Sore ini hujan lagi.
Entah mengapa ia selalu memilih turun saat mentari hendak pergi.
Ada seonggok nyawa berdiri, seorang lelaki.
Seharusnya sudah dari tadi lelaki itu menata diri, bersiap menuju kenyataan saat ini.
Tapi ia memilih duduk diam, menunggu ditikam malam.
Tidak kuasa berdiri hanya untuk menemui sang Kirana, kekasih hatinya.
Yang akan terjadi sudah terbayang. Tangis sang hujan, dan hilangnya senyum Kirana.
Ia tak kuasa bila harus segera mengatakan, dirinya harus pergi.
Tidak akan kembali pasti.
Bagaimana harus berkata bila dirinya telah terpikat oleh mata yang lain.
Tidak lagi gadis Kirana bermata sayu, kini ia lebih memilih mata yang bening, yang tidak egois juga posesif. Atau lebih baik ia diam-diam meninggalkan, ahh, rasanya kebenaran ini harus dilafalkan.
********
Tekad bulat menerobos hujan dan malam, menjemput tangis Kirana.
Sesampainya disana, sang Kirana berdiri di depan taman. Begitu janggal untuk dilihat. Mata sayu itu sudah terlebih dulu bersama hati yang lain.
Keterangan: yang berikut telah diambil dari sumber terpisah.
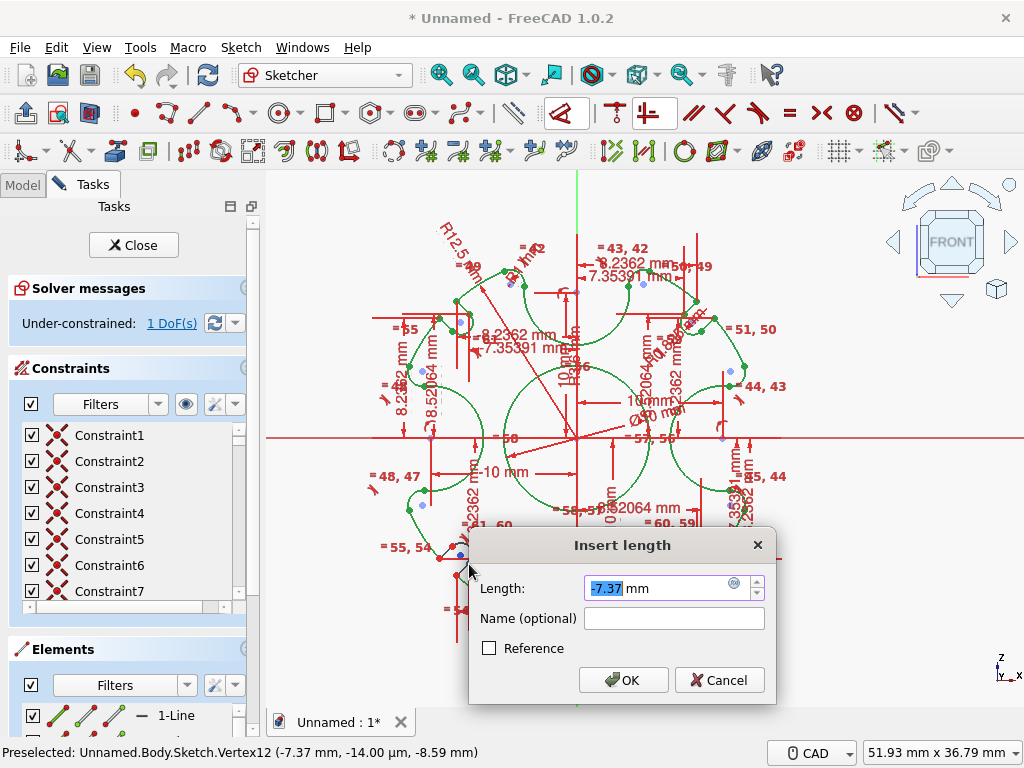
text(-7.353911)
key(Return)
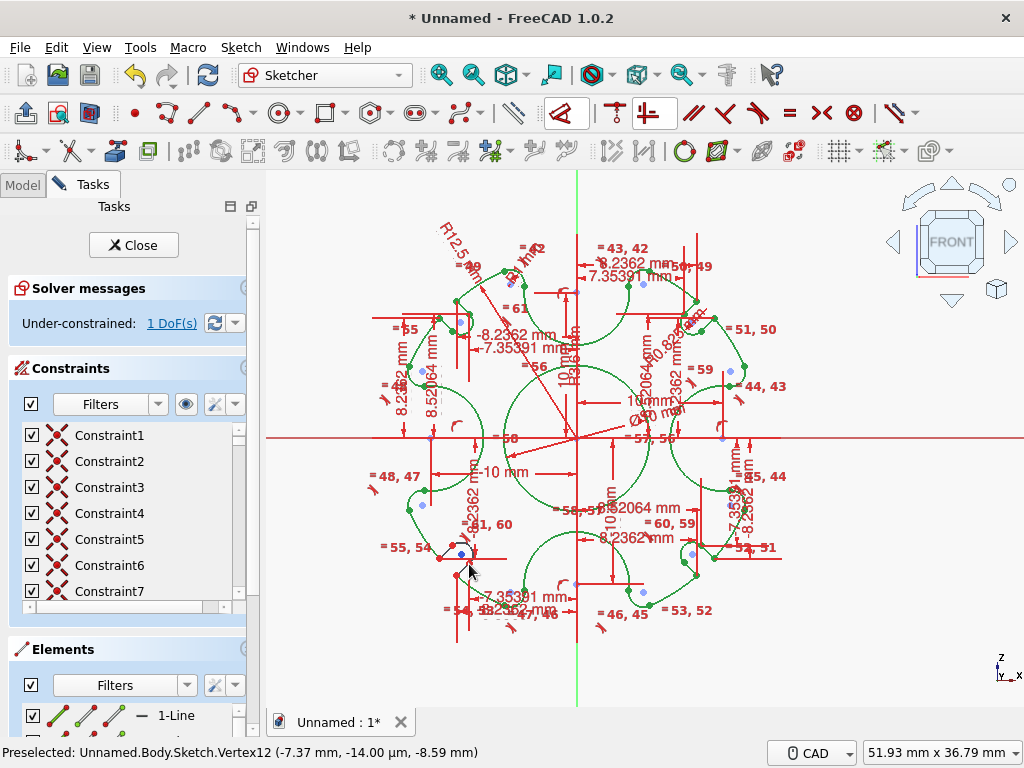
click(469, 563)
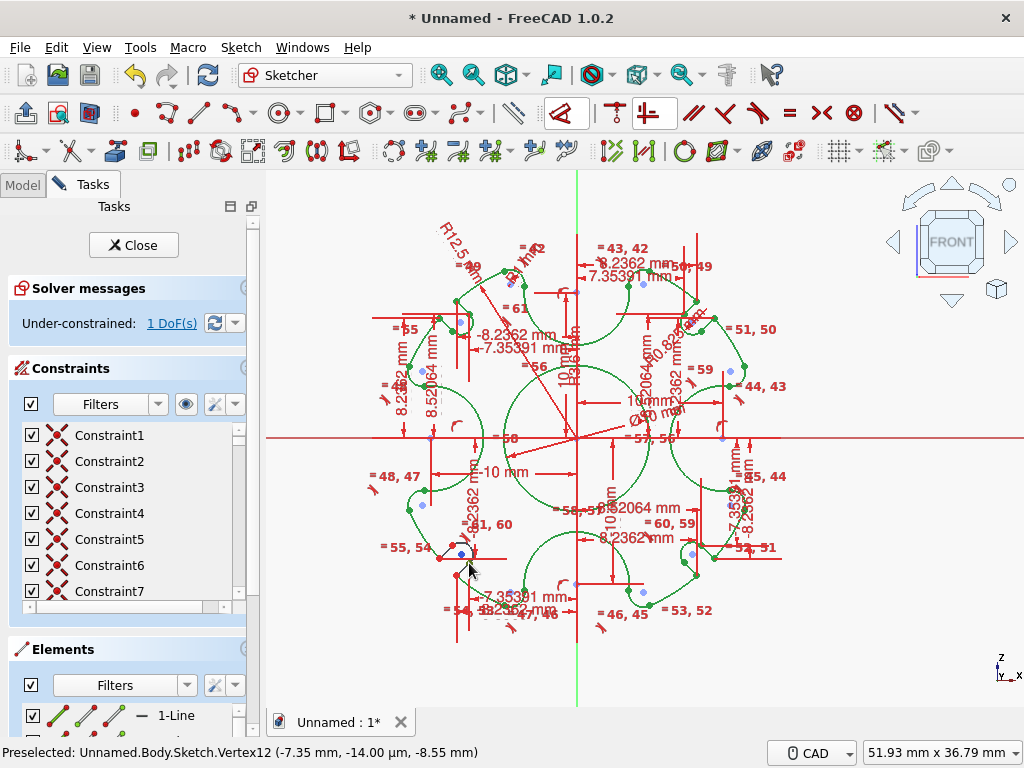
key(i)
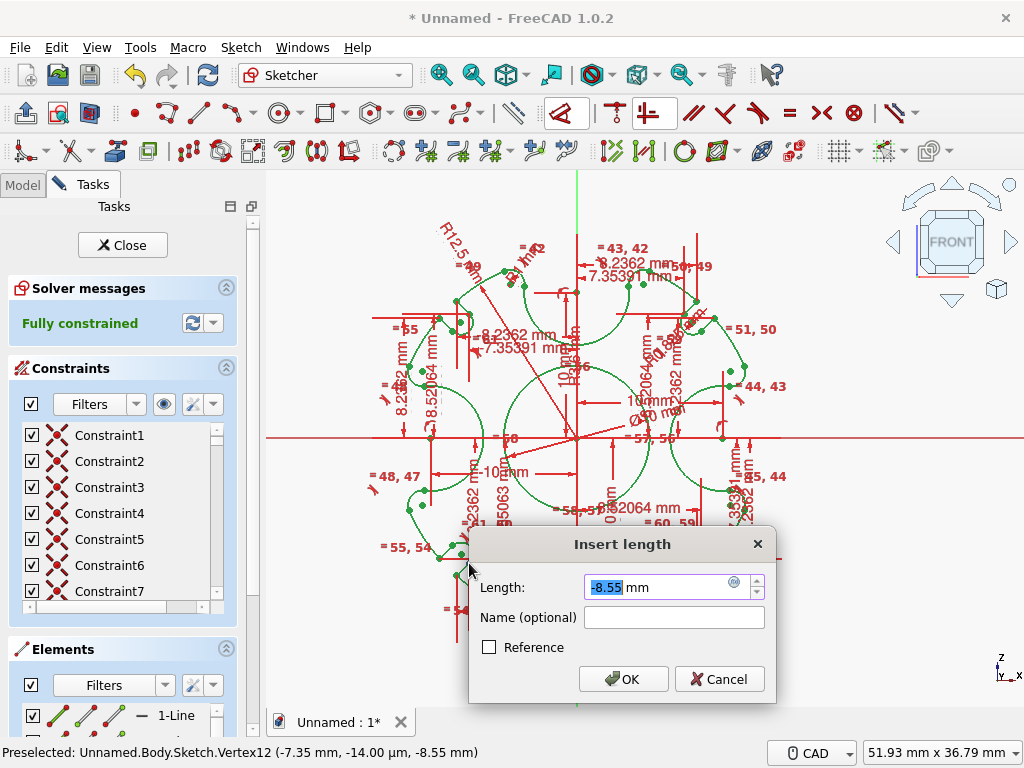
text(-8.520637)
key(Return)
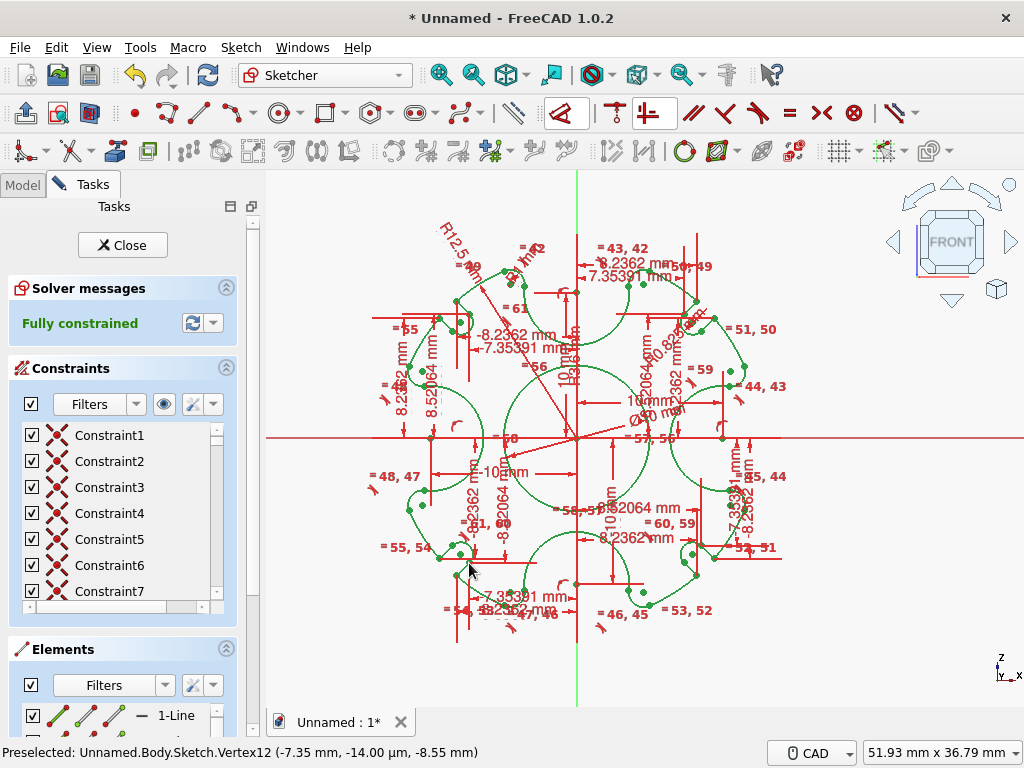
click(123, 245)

"Jadi ini yang akan kau sampaikan?"
Kirana berkata, "Kami satu jalan..."
"Tidak apa Kirana, akupun ingin berkata hal serupa. Aku sudah menemukan, orang yang akan kubawa ke jalan yang berbeda denganmu." tandasku dengan senyum mengembang.
Kami diam, mereka kutinggalkan.
Nyatanya tidak ada airmata malam ini, tidak ada tangis permohonan seperti yang telah kukira. Kami bahagia, dan menjalani tujuan yang tak sama, bersama orang yang berbeda.